Task to complete
Establish how many lines in the entries hold the string "degrees". The number by itself is the whole answer.
::: Data for analysis
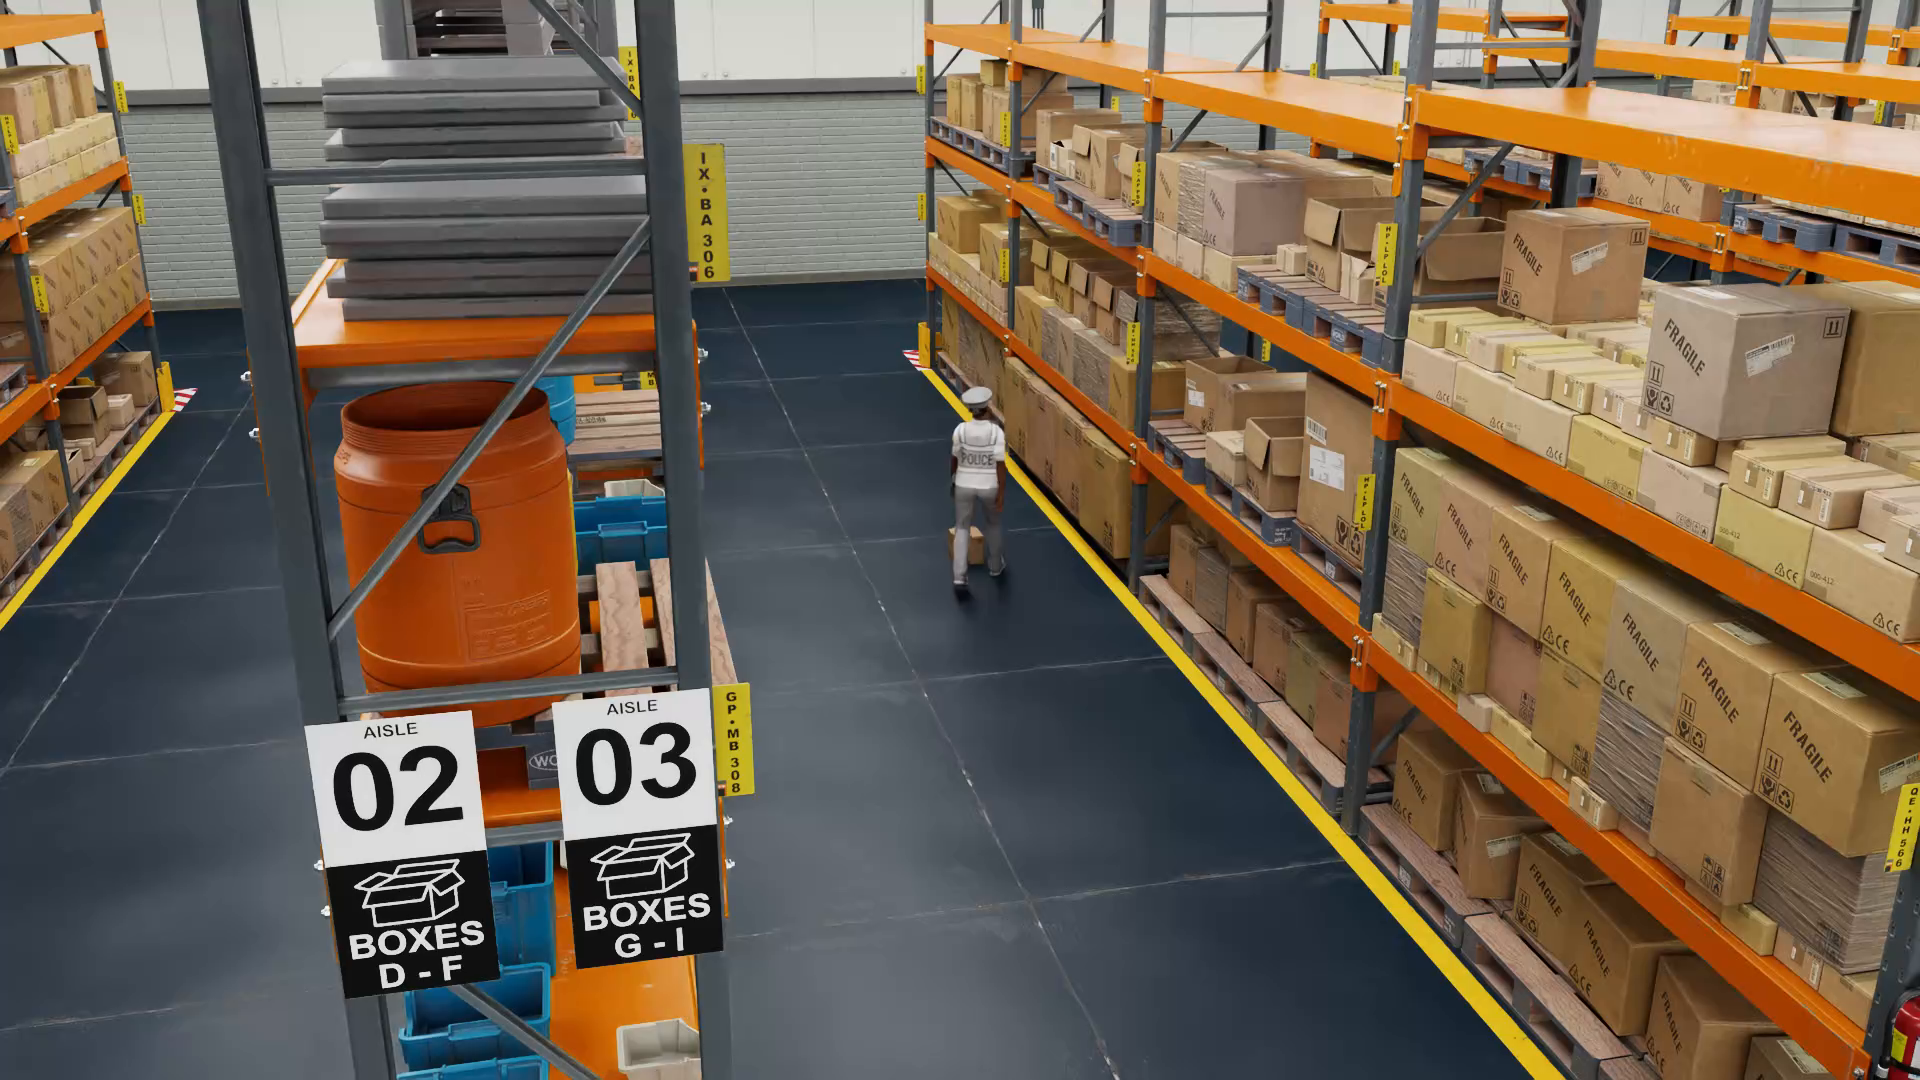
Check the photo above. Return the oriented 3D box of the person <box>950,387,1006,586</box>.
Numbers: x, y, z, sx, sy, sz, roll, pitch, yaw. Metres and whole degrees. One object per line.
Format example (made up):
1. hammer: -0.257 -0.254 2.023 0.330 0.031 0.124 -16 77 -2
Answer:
1. person: 0.145 -0.438 13.530 0.463 1.644 0.787 1 20 2
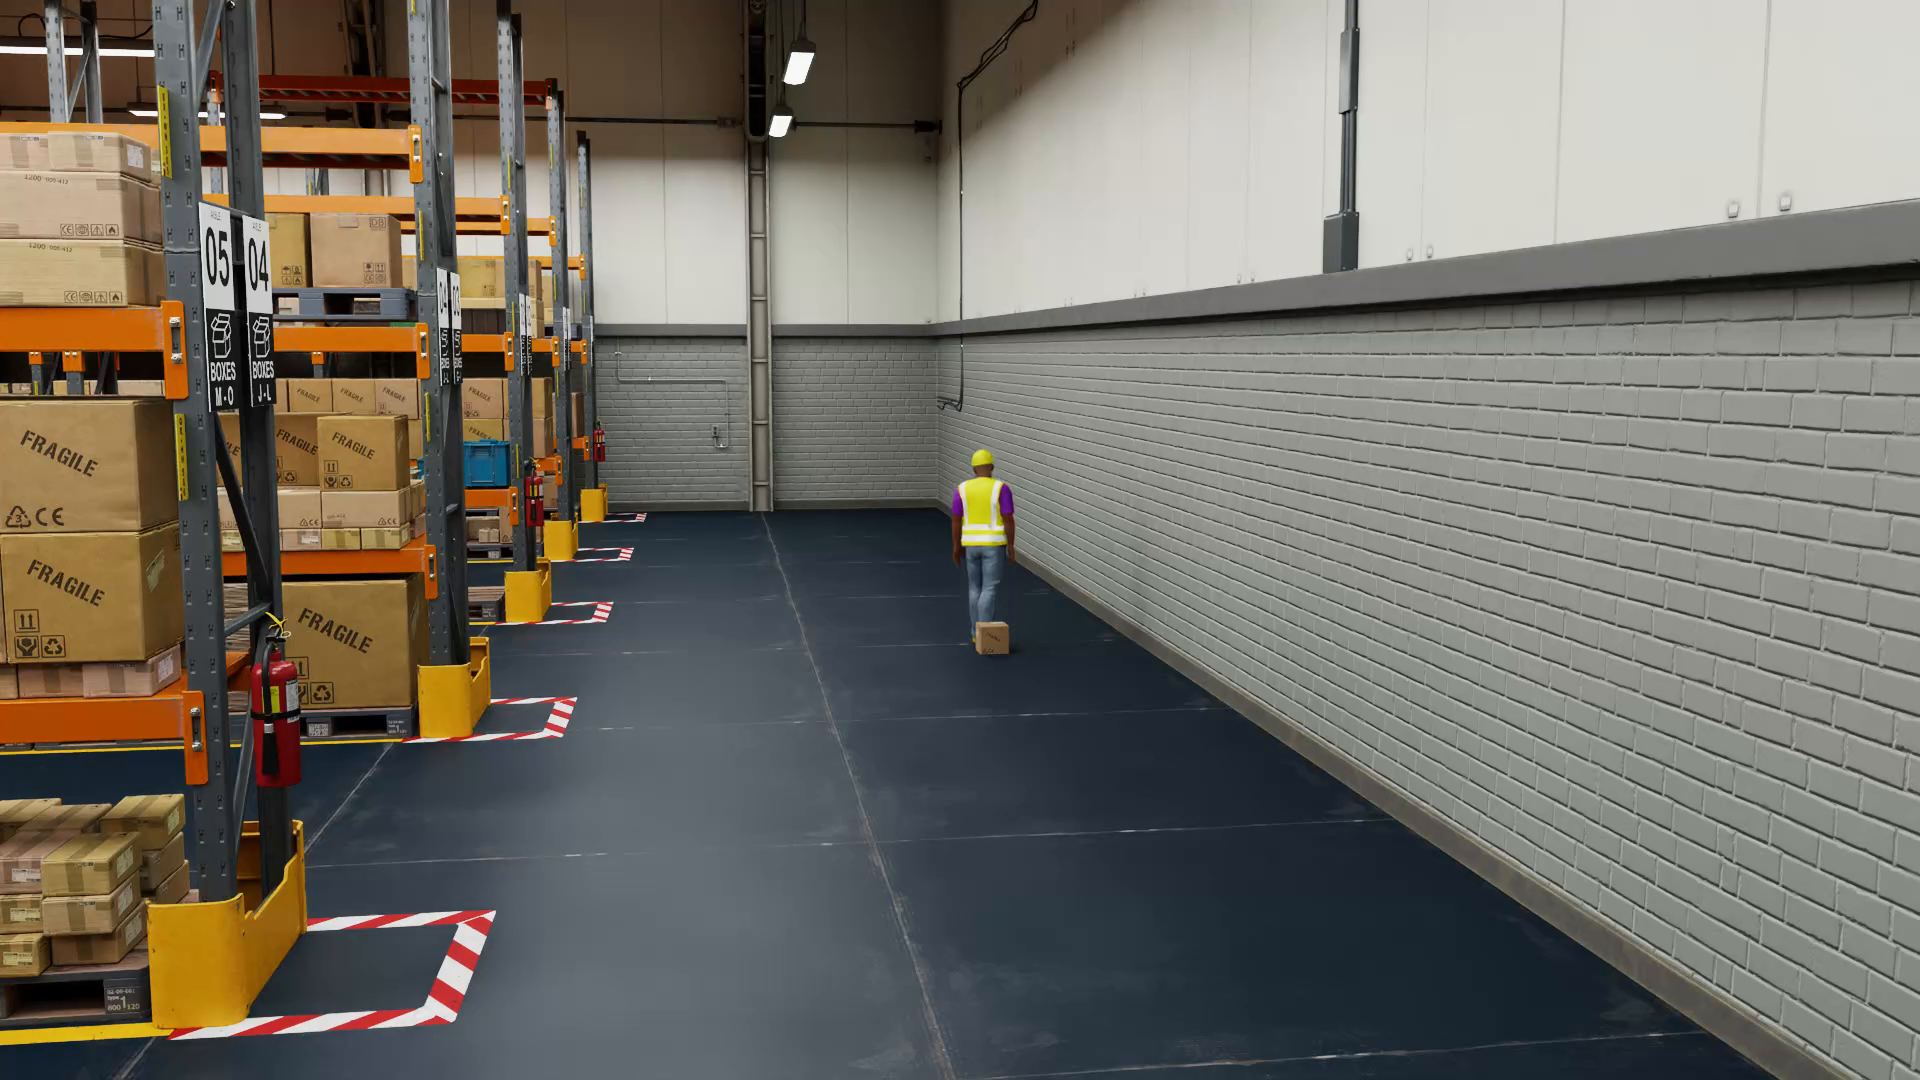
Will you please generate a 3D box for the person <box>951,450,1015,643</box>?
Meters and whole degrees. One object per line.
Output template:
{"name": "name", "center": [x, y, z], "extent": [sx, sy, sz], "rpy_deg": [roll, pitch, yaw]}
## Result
{"name": "person", "center": [0.216, 0.068, 15.003], "extent": [0.588, 1.766, 0.571], "rpy_deg": [3, 7, 23]}
::::::
Task output
2